This semester at the GCW, we’re going to look at a series of readings based on the Church’s liturgical calendar–namely the readings which will be used in many churches on the Sundays following our Tuesday scripture study. This is a departure for us, and for me. We typically study a book or a lengthy section of a book from scripture. I still think this is the best way to come to both an appreciation for and a deeper understanding of scripture. But I’m thinking that maybe a change of pace would be nice.
For folks who will be joining us over the course of the next semester, there are a couple of things essential to the way we study scripture at the GCW. My approach to scripture has always been to take the Story seriously as “story”; i.e. that a close reading of the text and attention to the elements of the story will yield a richness of meaning that is otherwise lost in other approaches. Some folks call this “narrative criticism.” The simple and most pertinent reason for this approach is that first and foremost the author wrote what they had to say as a story and therefore meant it to be understood within that framework. Secondly, stories are understandable to all of us. We have an innate ability to understand stories if we but pay attention. This doesn’t mean jettisoning understandings that come out of historical, social, political, cultural and linguistic analysis and whatnot. Rather it takes all of that into consideration within the context of the story itself; certainly knowing something about the history of Israel or having knowledge of Jewish rituals enriches our reading of the story. Together, as a group, we help to ferret out the little tidbits of knowledge that we all have accumulated over the years, enhancing our individual readings of the story with what others bring to light from both their knowledge and their experience.
Here’s a brief rundown of what we keep in mind as we study scripture together.
The first question to ask when approaching Scripture is NEVER “what does it mean?” The first question should ALWAYS be “what does it say?” or “what is written?” The text, albeit in translation, is the fence that hems in the various possible meanings of any particular story or passage. The meaning of a verse like “Love your enemies” can never mean “bomb and destroy your enemies.” The text itself negates that as a possible meaning. This is why we start by taking the text seriously.
The author of a book or passage is in control of the story. Every detail is there for a reason. So again, we need to read closely. At the GCW, we read and unpack a verse at a time.
We have an innate ability to understand stories. Many of us have been taught an overly reverential attitude toward scripture and we come to it doubting our abilities to understand. The truth is that, like when we watch a television show or read a novel, as long as we pay close attention, we usually can figure out what is going on. Same is true for scripture.

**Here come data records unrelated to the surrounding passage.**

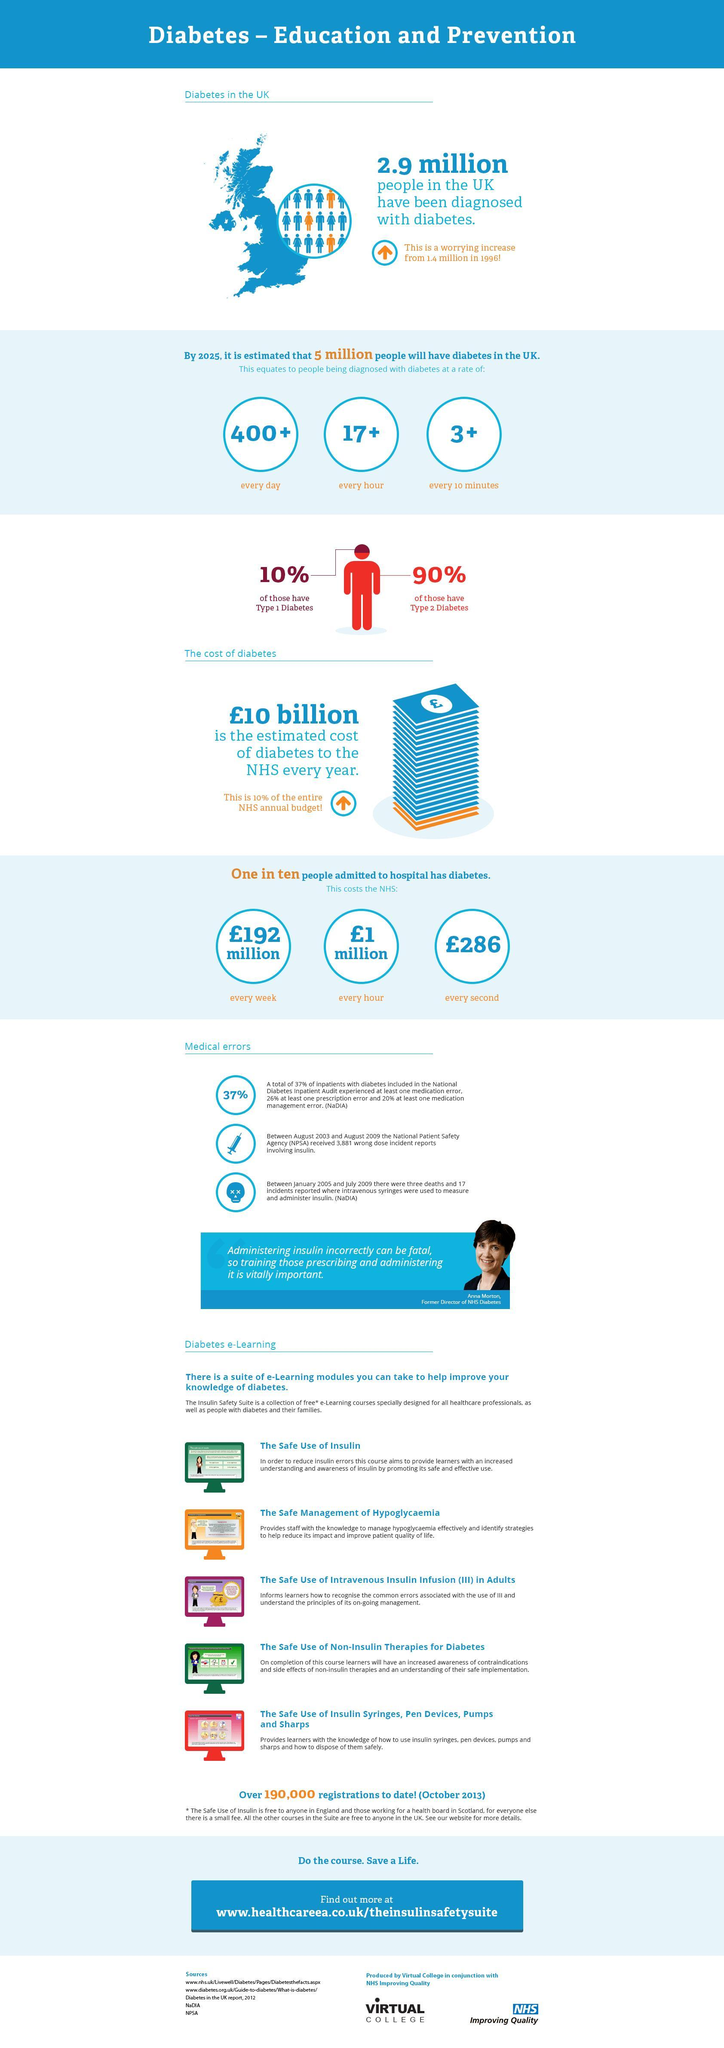How many people among 10 admitted in UK hospitals are not Diabetic?
Answer the question with a short phrase. 9 How much is the increase in number of people (in millions) with diabetes from 1996 to present? 1.5 What is the cost (in pounds) to NHS due to the hospital admission of Asthma patients for every second? 286 How much is the calculated cost (in pounds) to NHS due to the hospital admission of Asthma patients for an hour? 1 million How many people in UK are diagnosed with Type 1 Diabetes? 10% According to the statistics how many civilians in UK will be affected with diabetes each day? 400+ According to the statistics how many people will be diagnosed with diabetes every hour? 17+ According to the statistics how many people will be diagnosed with diabetes every 10 minutes? 3+ What percentage of people in UK are diagnosed with Type 2 Diabetes? 90% What is the cost (in pounds) to NHS due to the hospital admission of Asthma patients for a week? 192 million 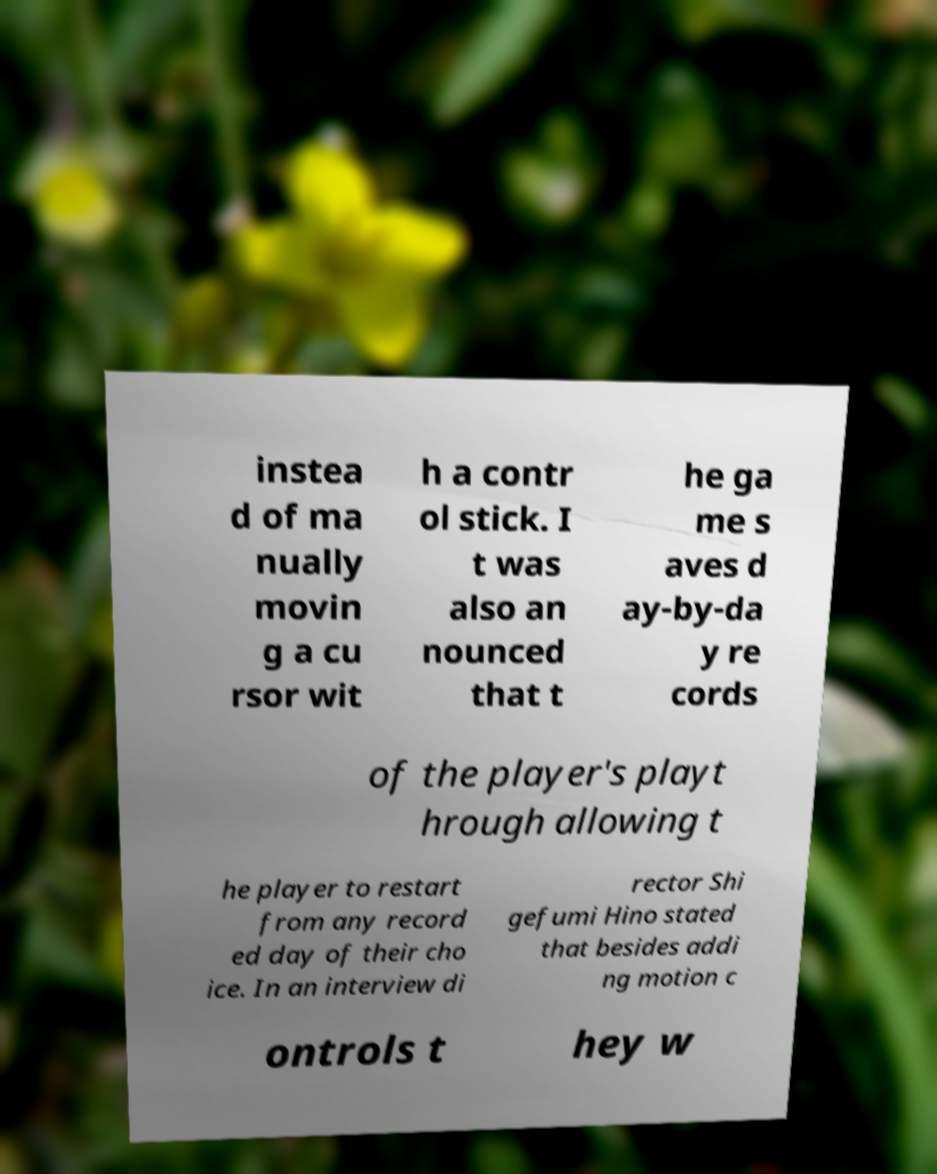Can you read and provide the text displayed in the image?This photo seems to have some interesting text. Can you extract and type it out for me? instea d of ma nually movin g a cu rsor wit h a contr ol stick. I t was also an nounced that t he ga me s aves d ay-by-da y re cords of the player's playt hrough allowing t he player to restart from any record ed day of their cho ice. In an interview di rector Shi gefumi Hino stated that besides addi ng motion c ontrols t hey w 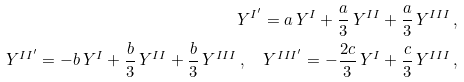Convert formula to latex. <formula><loc_0><loc_0><loc_500><loc_500>Y ^ { I ^ { \prime } } = a \, Y ^ { I } + \frac { a } { 3 } \, Y ^ { I I } + \frac { a } { 3 } \, Y ^ { I I I } \, , \\ Y ^ { I I ^ { \prime } } = - b \, Y ^ { I } + \frac { b } { 3 } \, Y ^ { I I } + \frac { b } { 3 } \, Y ^ { I I I } \, , \quad Y ^ { I I I ^ { \prime } } = - \frac { 2 c } { 3 } \, Y ^ { I } + \frac { c } { 3 } \, Y ^ { I I I } \, ,</formula>

So here are some “helps” in learning to read or study scripture seriously as story:
- Read the text closely.
- Read the text with others, mining each other’s knowledge about what is going on.
- Read whole passages or whole books and puzzle out your own ideas and questions before consulting outside sources (like commentaries, which are also interpretations). Use outside sources only after you’ve achieved some of your own familiarity with the story.
- Use 2 or more good translations of scripture (NRSV, New Jerusalem, New American, and more). We’re reading of course in English, translated from the Greek and Hebrew. Translation is also partly interpretation and having translations that sometimes differ on particular words or phrases helps to clue us in to parts of the story which are “in play,” so to speak.
- Write out the text yourself. Write in your bible, jotting down notes, circling words, etc. Fill up the margins. Keep a journal of your study.
- Put yourself in the place of one of the characters in the story. What do they see, feel, think?
- When reading, note the following elements of most stories. These elements help to carry and articulate meaning.
- Where do passages begin and end? (Look for changes in setting, voice, etc.)
- In what order do things happen?
- What words, themes, actions, settings, situations, etc. are repeated?
- What is the setting?
- Who are the characters? And what do we know about them? (status, gender, jobs, ethnicity, etc.)
- What is the relationship between characters?
- What action happens? Who does or says what?
- Is there conflict? Between whom? Why?
- What drives the story? What is the plot?
- Is there a “twist” or “surprise” in the story?
Stories have power. They help tell us who we are, what we value, what is worth living and dying for. These stories in scripture should be foundational for us. And finally, these are the stories our ancestors have passed down to us. There is something here they want us to discover, something good and important and transformative. They want to tell us something. It is to our great joy to listen and to understand what that something is. We hope you’ll join us this semester as we listen and discuss together.